After that, in the first embodiment, if the microphone 220 includes a microphone array, then the beamforming module 301 b may provide correspondingly the noise signal NS to the subspace speech enhancement module 302 b. In this case, the subspace speech enhancement module 302 b may perform a subspace speech enhancement algorithm to acquire the second audio-signal component from the second specific signal SS2 according to the noise signal NS.
From another viewpoint, the subspace speech enhancement operation mentioned above may be understood as a noise canceling method in a vector space. Specifically, the subspace speech enhancement module 302 b may eliminate a subspace including a noise in the second specific signal SS2 according to the noise signal NS in order to achieve the effect of eliminating an environmental noise while maintaining the second audio-signal component. For details of the subspace speech enhancement algorithm mentioned above, please refer to Kris Hermus, Patrick Wambacq, and Hugo Van hamme, “A Review of Signal Subspace Speech Enhancement and Its Application to Noise Robust Speech,” EURASIP Journal on Advances in Signal Processing, 2006. No further descriptions are provided herein.
In addition, in the second embodiment, if the microphone 210 merely includes a single microphone, then the beamforming module 301 b may not be able to provide the noise signal NS to the subspace speech enhancement module 302 b. In this case, the subspace speech enhancement module 302 b may still perform the subspace speech enhancement algorithm and directly acquire the second audio-signal component from the second specific signal SS2 as the fourth signal S4.
After that, the processing circuit 204 may execute the signal synthesis module 303 to perform the signal synthesis operation on the first signal S1 and the fourth signal S4 to synthesize the first signal S1 and the fourth signal S4 to form an output speech signal OS. In an embodiment, the cutoff frequency corresponding to the signal synthesis operation mentioned above may fall between 1 kHz and 2 kHz.

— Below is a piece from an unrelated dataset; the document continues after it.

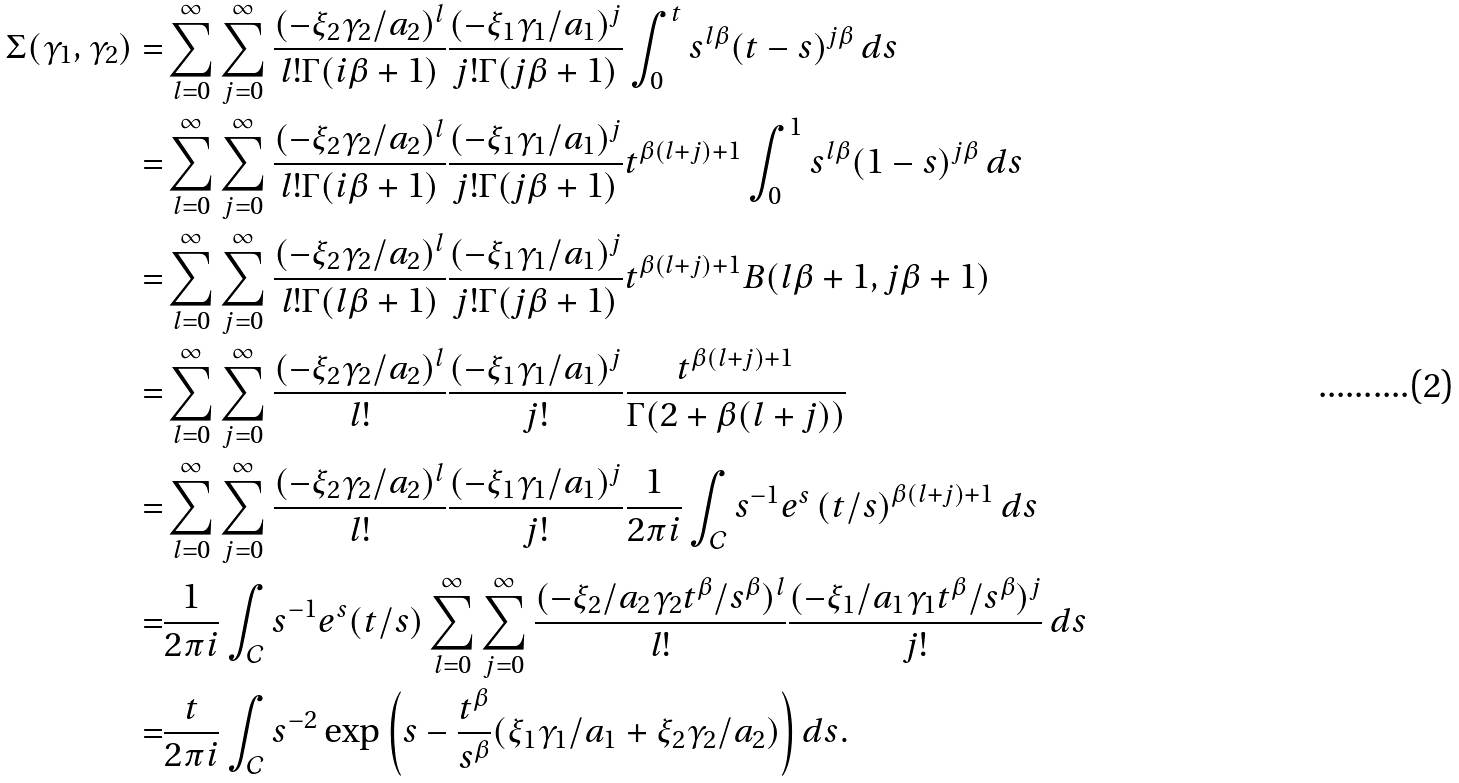Convert formula to latex. <formula><loc_0><loc_0><loc_500><loc_500>\Sigma ( \gamma _ { 1 } , \gamma _ { 2 } ) = & \sum _ { l = 0 } ^ { \infty } \sum _ { j = 0 } ^ { \infty } \frac { ( - \xi _ { 2 } \gamma _ { 2 } / a _ { 2 } ) ^ { l } } { l ! \Gamma ( i \beta + 1 ) } \frac { ( - \xi _ { 1 } \gamma _ { 1 } / a _ { 1 } ) ^ { j } } { j ! \Gamma ( j \beta + 1 ) } \int _ { 0 } ^ { t } s ^ { l \beta } ( t - s ) ^ { j \beta } \, d s \\ = & \sum _ { l = 0 } ^ { \infty } \sum _ { j = 0 } ^ { \infty } \frac { ( - \xi _ { 2 } \gamma _ { 2 } / a _ { 2 } ) ^ { l } } { l ! \Gamma ( i \beta + 1 ) } \frac { ( - \xi _ { 1 } \gamma _ { 1 } / a _ { 1 } ) ^ { j } } { j ! \Gamma ( j \beta + 1 ) } t ^ { \beta ( l + j ) + 1 } \int _ { 0 } ^ { 1 } s ^ { l \beta } ( 1 - s ) ^ { j \beta } \, d s \\ = & \sum _ { l = 0 } ^ { \infty } \sum _ { j = 0 } ^ { \infty } \frac { ( - \xi _ { 2 } \gamma _ { 2 } / a _ { 2 } ) ^ { l } } { l ! \Gamma ( l \beta + 1 ) } \frac { ( - \xi _ { 1 } \gamma _ { 1 } / a _ { 1 } ) ^ { j } } { j ! \Gamma ( j \beta + 1 ) } t ^ { \beta ( l + j ) + 1 } B ( l \beta + 1 , j \beta + 1 ) \\ = & \sum _ { l = 0 } ^ { \infty } \sum _ { j = 0 } ^ { \infty } \frac { ( - \xi _ { 2 } \gamma _ { 2 } / a _ { 2 } ) ^ { l } } { l ! } \frac { ( - \xi _ { 1 } \gamma _ { 1 } / a _ { 1 } ) ^ { j } } { j ! } \frac { t ^ { \beta ( l + j ) + 1 } } { \Gamma ( 2 + \beta ( l + j ) ) } \\ = & \sum _ { l = 0 } ^ { \infty } \sum _ { j = 0 } ^ { \infty } \frac { ( - \xi _ { 2 } \gamma _ { 2 } / a _ { 2 } ) ^ { l } } { l ! } \frac { ( - \xi _ { 1 } \gamma _ { 1 } / a _ { 1 } ) ^ { j } } { j ! } \frac { 1 } { 2 \pi i } \int _ { \mathcal { C } } s ^ { - 1 } e ^ { s } \left ( t / s \right ) ^ { \beta ( l + j ) + 1 } d s \\ = & \frac { 1 } { 2 \pi i } \int _ { \mathcal { C } } s ^ { - 1 } e ^ { s } ( t / s ) \sum _ { l = 0 } ^ { \infty } \sum _ { j = 0 } ^ { \infty } \frac { ( - \xi _ { 2 } / a _ { 2 } \gamma _ { 2 } t ^ { \beta } / s ^ { \beta } ) ^ { l } } { l ! } \frac { ( - \xi _ { 1 } / a _ { 1 } \gamma _ { 1 } t ^ { \beta } / s ^ { \beta } ) ^ { j } } { j ! } \, d s \\ = & \frac { t } { 2 \pi i } \int _ { \mathcal { C } } s ^ { - 2 } \exp \left ( s - \frac { t ^ { \beta } } { s ^ { \beta } } ( \xi _ { 1 } \gamma _ { 1 } / a _ { 1 } + \xi _ { 2 } \gamma _ { 2 } / a _ { 2 } ) \right ) d s .</formula>

In this way, the attenuation of a human speech signal having a frequency generally lower than 1 kHz caused by the signal synthesis operation mentioned above may be avoided.
Furthermore, since the signal separation module 302 a performs the signal separation operation mentioned above based on the second signal S2 and the third signal S3, and the second signal S2 and the third signal S3 may be understood to be corresponding to the low-frequency component of the human speech signal generated by a user, the operations performed by the signal separation module 302 a and the subspace speech enhancement module 302 b may achieve a better noise canceling effect in the low-frequency signal of the human speech signal.

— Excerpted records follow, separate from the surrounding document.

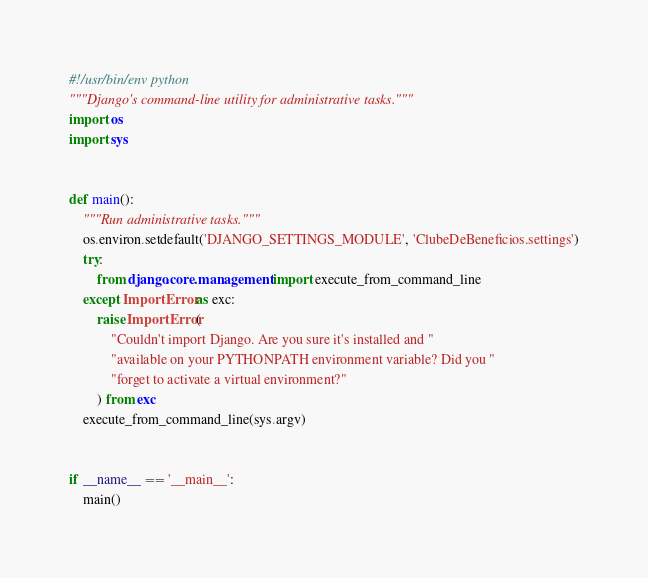Convert code to text. <code><loc_0><loc_0><loc_500><loc_500><_Python_>#!/usr/bin/env python
"""Django's command-line utility for administrative tasks."""
import os
import sys


def main():
    """Run administrative tasks."""
    os.environ.setdefault('DJANGO_SETTINGS_MODULE', 'ClubeDeBeneficios.settings')
    try:
        from django.core.management import execute_from_command_line
    except ImportError as exc:
        raise ImportError(
            "Couldn't import Django. Are you sure it's installed and "
            "available on your PYTHONPATH environment variable? Did you "
            "forget to activate a virtual environment?"
        ) from exc
    execute_from_command_line(sys.argv)


if __name__ == '__main__':
    main()
</code> 
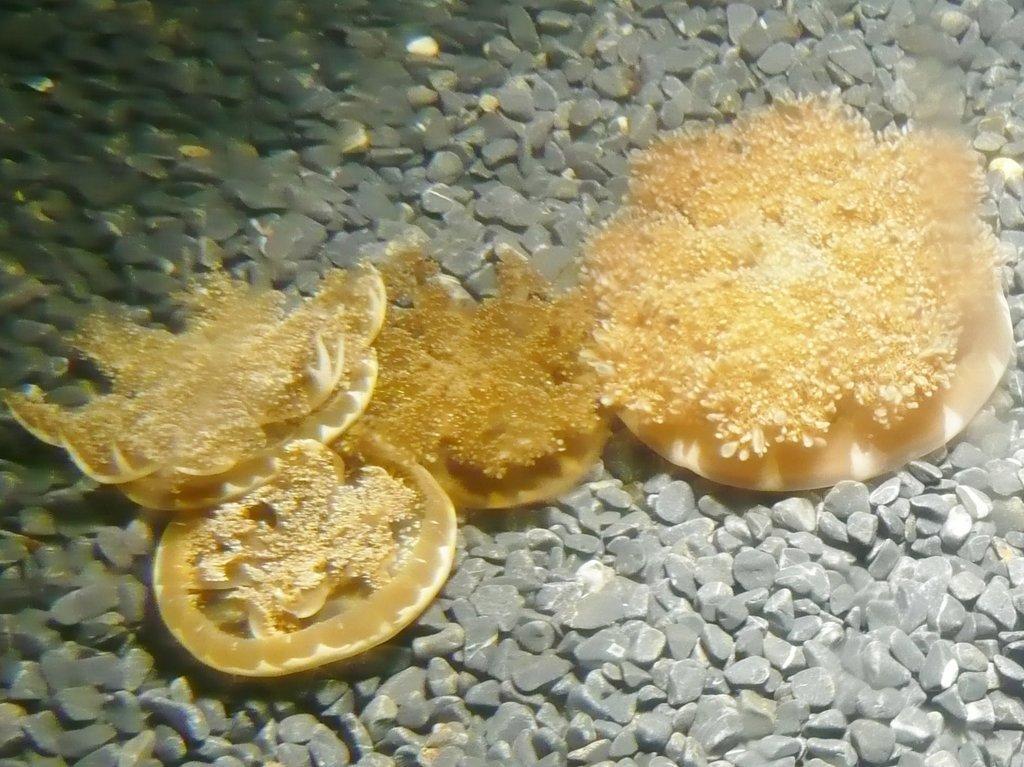Describe this image in one or two sentences. In the center of the image we can see water plants and stones.

Hence, after the signal synthesis operation mentioned above is performed on the fourth signal S4 provided by the subspace speech enhancement module 302 b and the first signal S1 (which corresponds to a high-frequency signal having a frequency higher than the crossover in the human speech signal generated by a user) provided by the high-pass filter 202 a, the low-frequency signal of the output speech signal OS may have a lower noise signal. And since the high-frequency noise has a high directivity, it can be substantially filtered and eliminated via the beamforming module 301 b without noise reduction by the noise reduction module 302. Therefore, the noise reduction module 302 only needs to perform the noise reduction operation in the low-frequency signal, which may boost effectively an operation speed and thereby facilitate the subsequent speech recognition operation.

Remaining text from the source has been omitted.